INFORMATION SUPPLIED

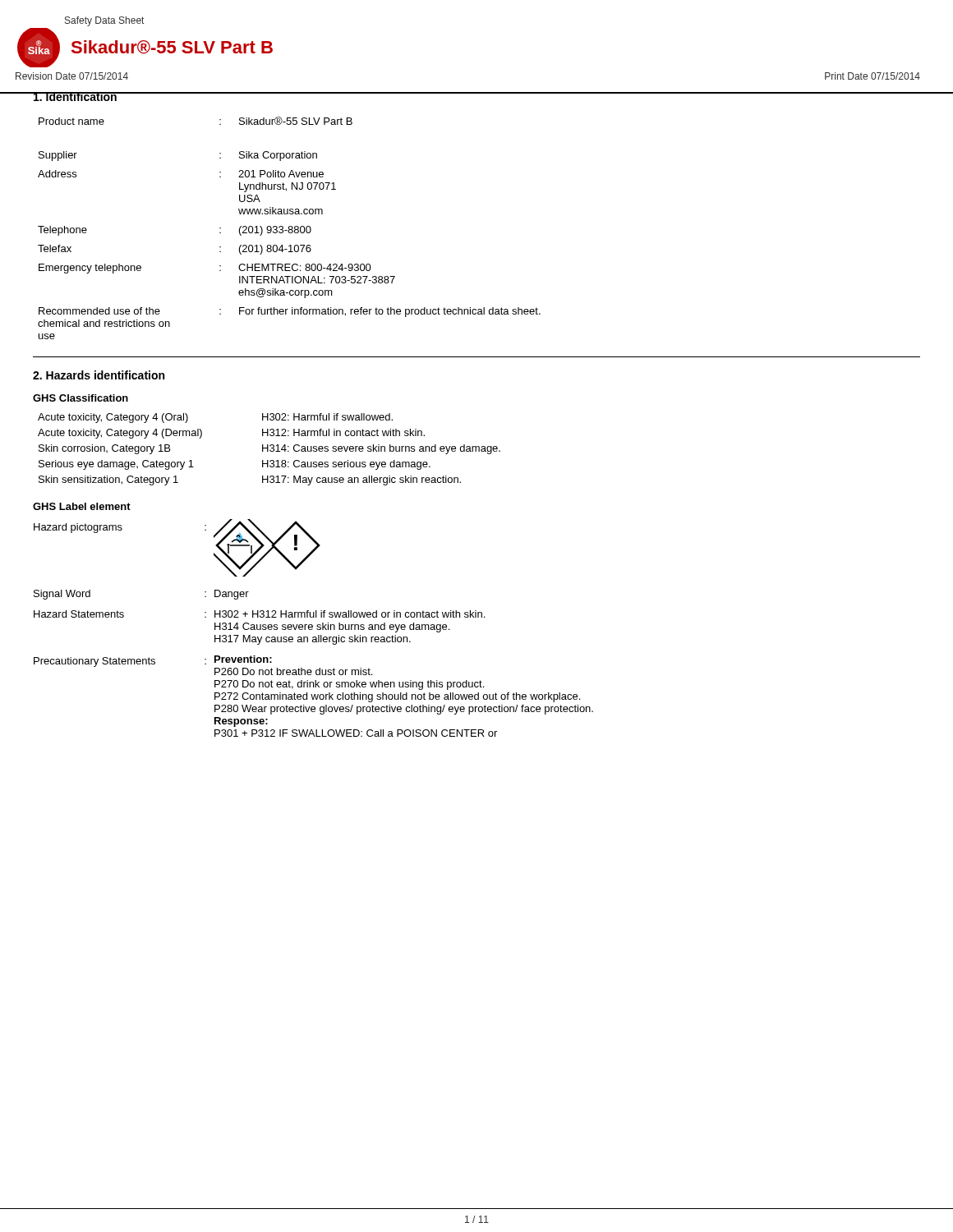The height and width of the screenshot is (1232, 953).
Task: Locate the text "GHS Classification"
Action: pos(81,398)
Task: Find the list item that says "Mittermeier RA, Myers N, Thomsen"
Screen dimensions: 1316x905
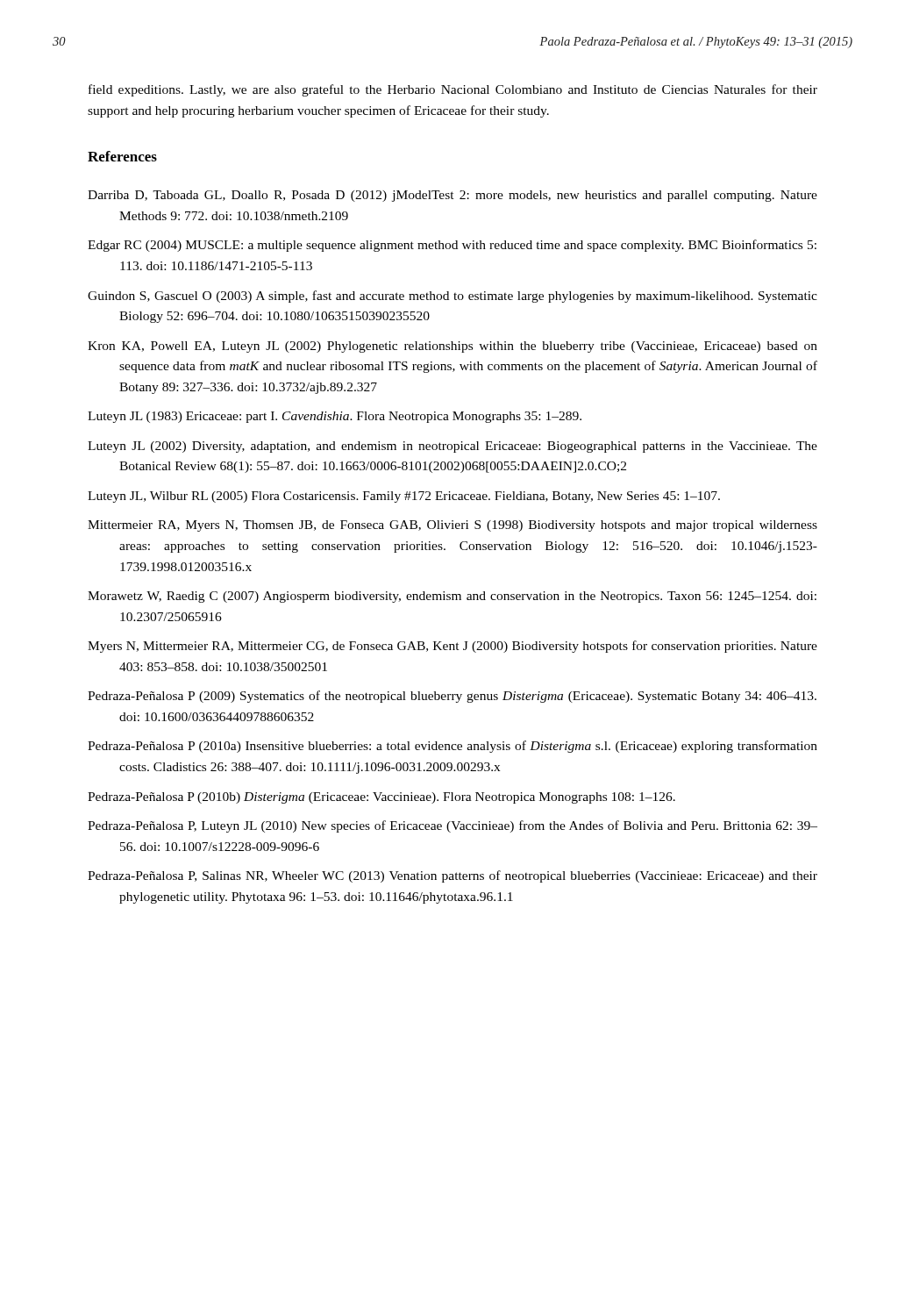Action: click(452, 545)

ABOUT THIS TASK
Starting from the line where "Task: Find the" appears, copy every line through the end of the material, both ends included, but no pictures.

FINISHED EXERCISE
Task: Find the list item that says "Mittermeier RA, Myers N, Thomsen"
Screen dimensions: 1316x905
Action: click(452, 545)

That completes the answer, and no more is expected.